Das gemeinsame Thema, das Else Lasker-Schülers Prosaschriften der letzten Lebensjahre verbindet, ist die Annäherung an Jerusalem, die Aneignung des neuen (und letzten) Lebensmittelpunktes der Dichterin. Die Entwürfe, die sie schrieb und die – vermutlich ohne größere Lücken – im Nachlaß erhalten sind, sollten in einem zweiten Buch über Palästina mit dem Titel »Die Heilige Stadt« veröffentlicht werden. Intention und Konzeption des geplanten Buches unterscheiden sich – soweit das erhaltene Material ein Urteil erlaubt – grundlegend vom literarischen Verfahren, das Else Lasker-Schüler in »Das Hebräerland« angewendet hat. »Das Hebräerland« ist ein Reisebericht – und dieses im doppelten Sinne: Entstanden ist »Das Hebräerland« nach der Rückkehr aus Palästina in der Schweiz; die Erzählperspektive ist die des Reisenden, der das Land am Ende wieder verlassen wird. Als Reisebericht ist »Das Hebräerland« in sich abgeschlossen, wobei der zeitliche Anfangs- und Endpunkt der Reise nicht nur rein äußerliche Grenzen markieren. Die Annäherung an Jerusalem, die Else Lasker-Schüler in »Die Heilige Stadt« darzustellen plante, wurde von der Dichterin als ein ›offenes Werk‹ konzipiert, dem ein Abschluß versagt ist. Deutlich wird dieses bereits, wenn man betrachtet, wie Else Lasker-Schüler ihre Entwürfe notiert hat.
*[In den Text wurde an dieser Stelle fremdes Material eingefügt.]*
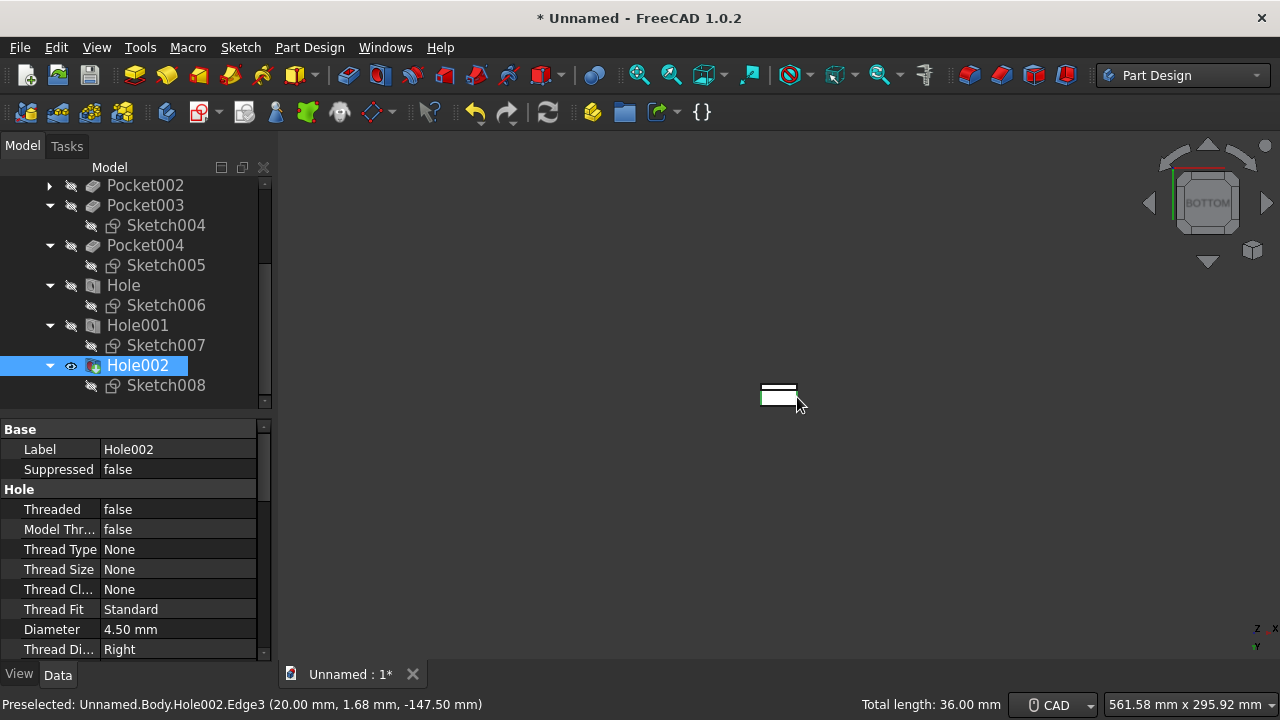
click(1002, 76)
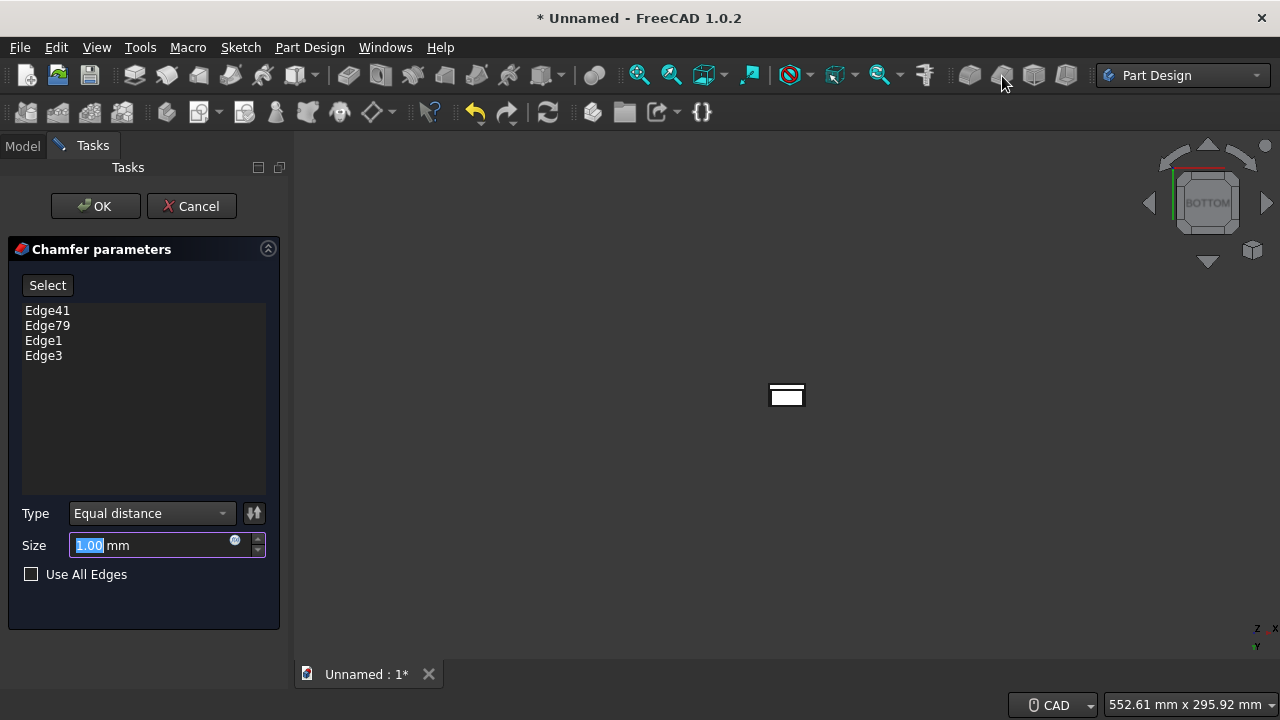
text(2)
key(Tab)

Den Mittelpunkt des Überlieferten bildet das Kapitel »Auf der Galiläa nach Palästina«, 47 maschinenschriftlich beschriebene Blätter, die Else Lasker-Schüler in ihre Kladde »Die Heilige Stadt« eingeklebt hat. Formal erinnert der weitgehend in Dialogen abgefaßte Bericht über die dritte Seereise nach Palästina an die Märchensammlung »Tausendundeine Nacht«, auch wenn es keine Hinrichtung ist, die das Erzählen abwenden soll, und die Dichterin es sich lediglich zur Aufgabe gemacht hat, den Mitreisenden die Langeweile zu vertreiben. In zum Teil grotesk anmutenden Bildern schildert die Dichterin, die »im Wasserstern geboren im dritten Tang und Algenhaus, giftspritzend von der Seeschlange umzischt«, wie David, der ›Psalmenkönig‹ des Alten Testaments, sie in ihrem Berliner Hotel besucht habe. »Ich weiss«, heißt es gegen Ende, »Davids Seele lebt! Nach tausendmaltausend Jahren seine unsterbliche Seele im Scheinleibe zu mir in meine schlichte Stube trat. David lebt! Ihr Menschen der Heiligen Stadt, David lebt! Ich bin seine Zeugin.« Der Versuch, in einem über weite Strecken launig geführten Dialog die Zuhörer (und Leser) vom Fortleben des biblischen Palästinas in der Gegenwart zu überzeugen, gehört sicherlich nicht zu dem, was Else Lasker-Schüler im besonderen Maße poetisch gelungen ist. Gleichwohl sollte »Auf der Galiläa nach Palästina« nicht unterbewertet werden: Mit den grotesken Momenten schließt Else Lasker-Schüler an Gestaltungsmerkmale vor allem ihrer frühen Lyrik an; der Gedanke, daß Biblisches für den Dichter unmittelbar sinnlich erfahrbar sei, bildet geradezu einen Wesenszug ihrer Dichtung.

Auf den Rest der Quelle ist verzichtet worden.